Wasted Expenditure

Another alternative to an award of damages based on the expectation measure is one based on expenditure which C has incurred but which is wasted as a result of D’s breach.

Mason v Burningham [1949] 2 KB 545

The buyer of a second-hand typewriter had paid to have the machine overhauled but then had to deliver up the machine to the true owner as the seller had had no title to pass on. The court held that the buyer could recover from the seller the cost of having the machine overhauled, as well as the price.

Similarly, in McRae v Commonwealth Disposals Commission (1950) 84 CLR 377 (HCA) it was held that C could recover the £285 it had paid for the salvage rights to the vessel together with the wasted cost, of £3,000, of mounting the salvage operation.

Mason and McRae can be contrasted with C & P Haulage v Middleton.


C & P Haulage v Middleton [1983] 1 WLR 1461

In that case, C rented a garage from D on a six-month tenancy. C had incurred expenditure installing equipment in the garage. Under the terms of the tenancy, the equipment was deemed to form part of D’s property on the expiry of the term. With 10 weeks of the tenancy remaining, D repudiated the agreement. C claimed as damages the cost of the equipment. The court rejected C’s claim.

‘It is not the function of the courts where there is a breach of contract knowingly, as this would be the case, to put a plaintiff in a better financial position than if the contract had been properly performed.’ (Ackner LJ)

The awards in Mason and McRae appear to take no account of the position in which C would have been had the contract been performed. Instead, the damages seem to place C back into its pre-contractual position. But this will not always be the outcome of an award of damages for wasted expenditure.

Anglia Television v Reed [1972] 1 QB 60

C engaged D to star in a film but D repudiated the contract shortly before filming was due to commence. C abandoned the film as it was unable to find a replacement for D. C could not show what profit it would have made from the film had it been made. The Court of Appeal held that C could recover its wasted expenditure.

The basis of the awards in these cases was considered in some depth by Teare J in his judgment in Omak v Mamola.

Omak Maritime Ltd v Mamola Challenger Shipping Co [2010] EWHC 2026 (Comm)

C agreed to charter its vessel to D for five years at daily hire of $13,700 but D repudiated the charter within a matter of weeks. Having accepted the repudiation as bringing the charterparty to an end, C secured alternative employment for the vessel at rates substantially higher rates, such that it earned or stood to earn an extra $7,500 per day for the balance of the original five-year term. In its action against D, C claimed as damages a sum in excess of $675,000 being the expenditure incurred in undertaking certain modifications to the vessel prior to delivery, expenditure it claimed was wasted as result of D’s repudiation. The arbitral tribunal held that, notwithstanding that C had not suffered any net loss, it was entitled to damages for its wasted expenditure, which it assessed at $85,000.

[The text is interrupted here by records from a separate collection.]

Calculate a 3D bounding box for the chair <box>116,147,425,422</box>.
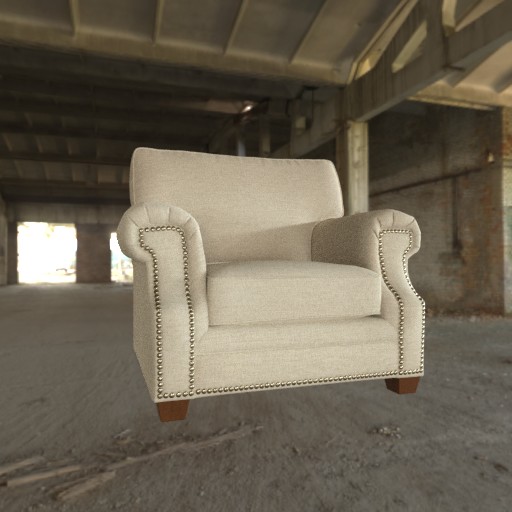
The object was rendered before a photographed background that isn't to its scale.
[{"bbox_3d":[0.000,0.000,1.829,1.092,0.961,0.965,0,-1,-19],"label":"chair"}]
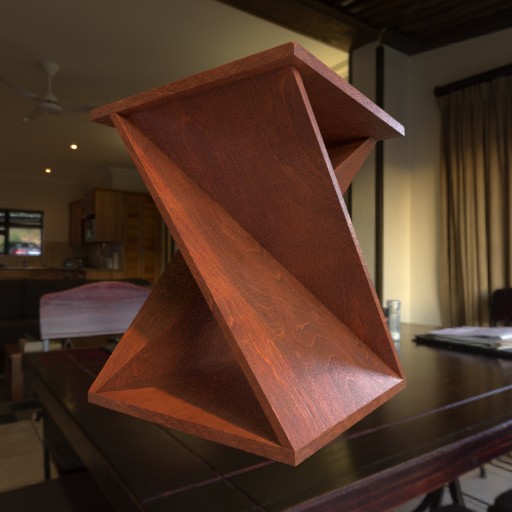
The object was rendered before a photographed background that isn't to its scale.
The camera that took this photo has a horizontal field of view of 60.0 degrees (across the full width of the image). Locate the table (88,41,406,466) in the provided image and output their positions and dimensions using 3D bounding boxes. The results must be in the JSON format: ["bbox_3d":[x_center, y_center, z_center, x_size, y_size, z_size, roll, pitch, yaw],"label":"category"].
[{"bbox_3d":[0.000,0.000,0.838,0.427,0.520,0.427,-1,-1,36],"label":"table"}]
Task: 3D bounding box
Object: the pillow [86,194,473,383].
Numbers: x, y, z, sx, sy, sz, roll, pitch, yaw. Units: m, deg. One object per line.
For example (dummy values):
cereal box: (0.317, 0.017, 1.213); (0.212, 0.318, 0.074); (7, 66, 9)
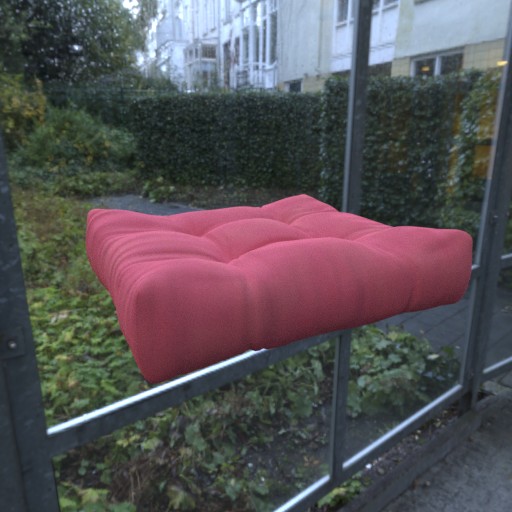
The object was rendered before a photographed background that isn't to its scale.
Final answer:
pillow: (0.000, 0.000, 0.730); (0.490, 0.128, 0.468); (-8, 18, -25)

Teare J allowed D’s appeal. Any award of damages had to take account of the additional hire earned by C. To award as damages C’s wasted expenditure without taking account of the additional hire received after termination would place it in a better position than if the contract had been performed.

Yam Seng Pte Ltd v International Trade Corporation Ltd [2013] EWHC 111 (QB)

D granted to C exclusive rights to sell certain Manchester United-branded fragrances in certain, mostly duty-free, markets around the world. A little over a year later, C terminated the agreement in response to what it said was D’s repudiation of the contract. Leggatt J held that D was in breach of two implied terms, namely (i) that D would not knowingly provide C with false information on which C was likely to rely, and (ii) that D would not approve a retail price for a product lower than the duty-free price agreed with C. Leggatt J further held that C could recover in damages its net expenditure incurred in performing the agreement.